▸ **TASK DESCRIPTION**
Omitting the pictures, output all of the records precisely as written.

Dataset entries

=== Section Start ===

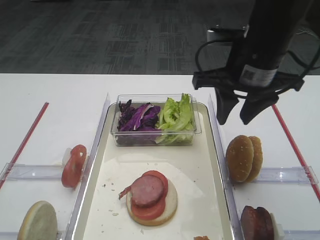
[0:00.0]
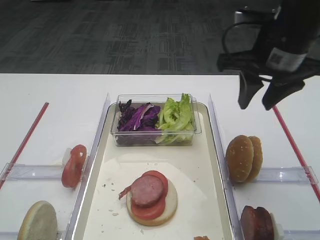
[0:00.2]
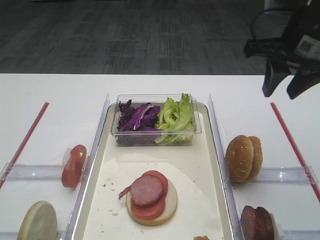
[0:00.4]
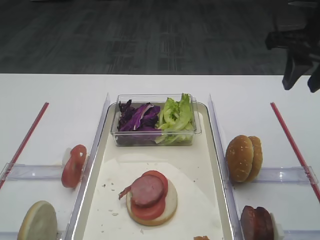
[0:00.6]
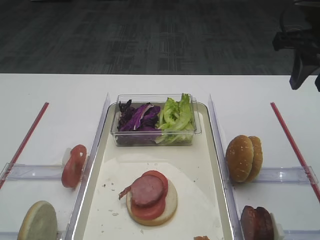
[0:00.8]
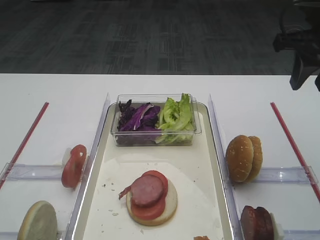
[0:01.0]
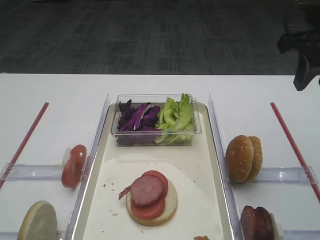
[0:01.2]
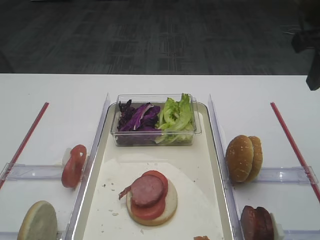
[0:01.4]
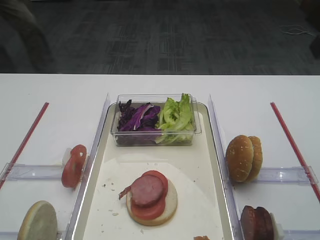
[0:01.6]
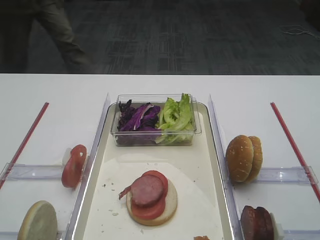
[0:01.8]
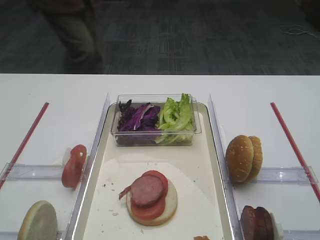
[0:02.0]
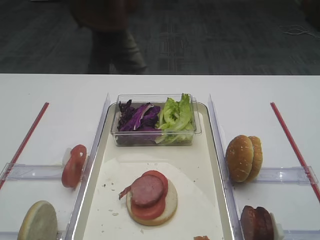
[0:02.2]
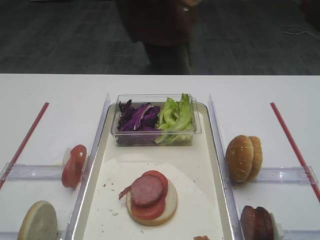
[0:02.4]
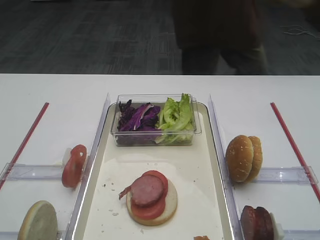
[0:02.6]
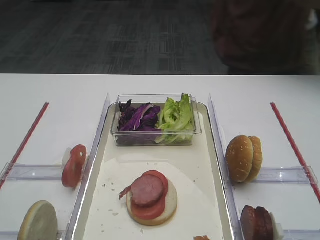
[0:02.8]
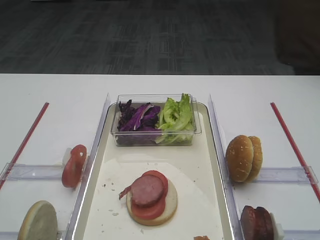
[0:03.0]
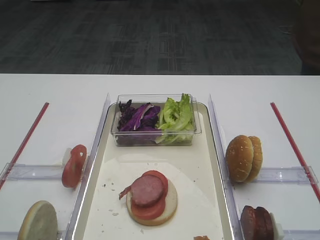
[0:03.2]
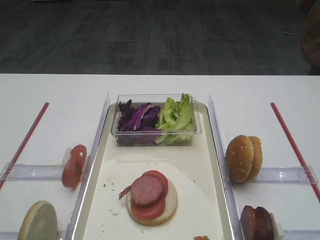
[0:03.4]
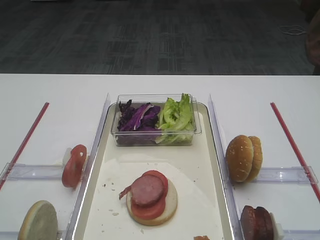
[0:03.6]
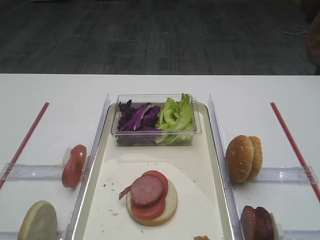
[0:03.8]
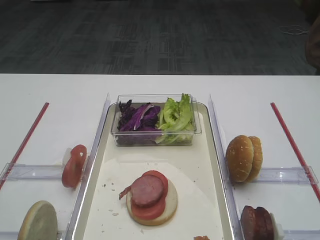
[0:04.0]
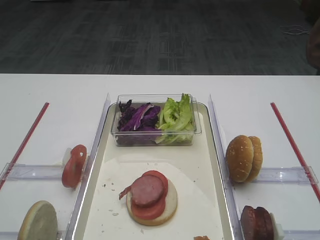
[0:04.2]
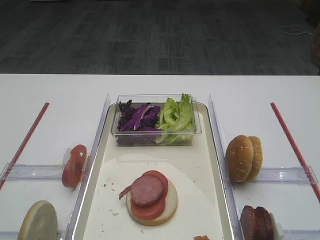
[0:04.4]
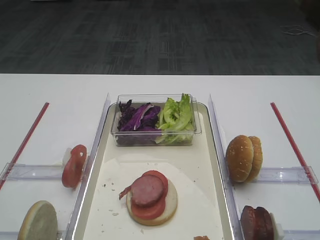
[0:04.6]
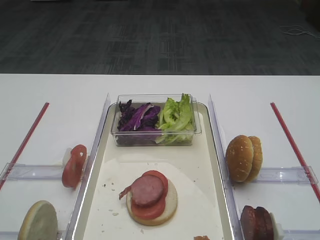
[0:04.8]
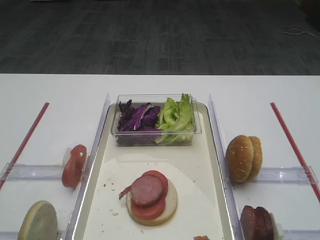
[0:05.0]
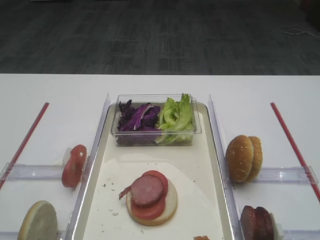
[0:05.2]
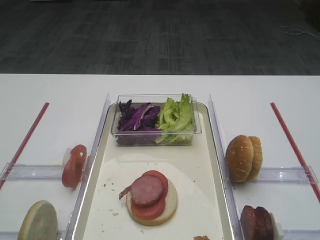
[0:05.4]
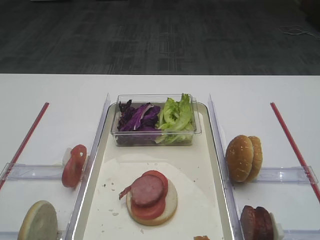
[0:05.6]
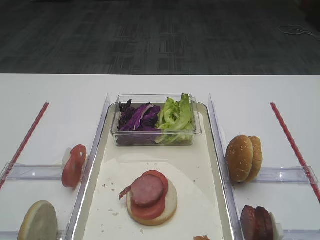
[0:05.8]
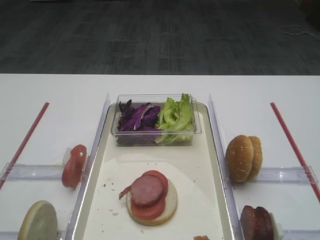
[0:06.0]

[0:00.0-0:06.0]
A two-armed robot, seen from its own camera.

=== Section End ===

▸ **THE COMPLETED TASK**
[0:00.0]
[0:00.2]
[0:00.4]
[0:00.6]
[0:00.8]
[0:01.0]
[0:01.2]
[0:01.4]
[0:01.6]
[0:01.8]
[0:02.0]
[0:02.2]
[0:02.4]
[0:02.6]
[0:02.8]
[0:03.0]
[0:03.2]
[0:03.4]
[0:03.6]
[0:03.8]
[0:04.0]
[0:04.2]
[0:04.4]
[0:04.6]
[0:04.8]
[0:05.0]
[0:05.2]
[0:05.4]
[0:05.6]
[0:05.8]
[0:06.0]

[0:00.0-0:06.0]
A two-armed robot, seen from its own camera.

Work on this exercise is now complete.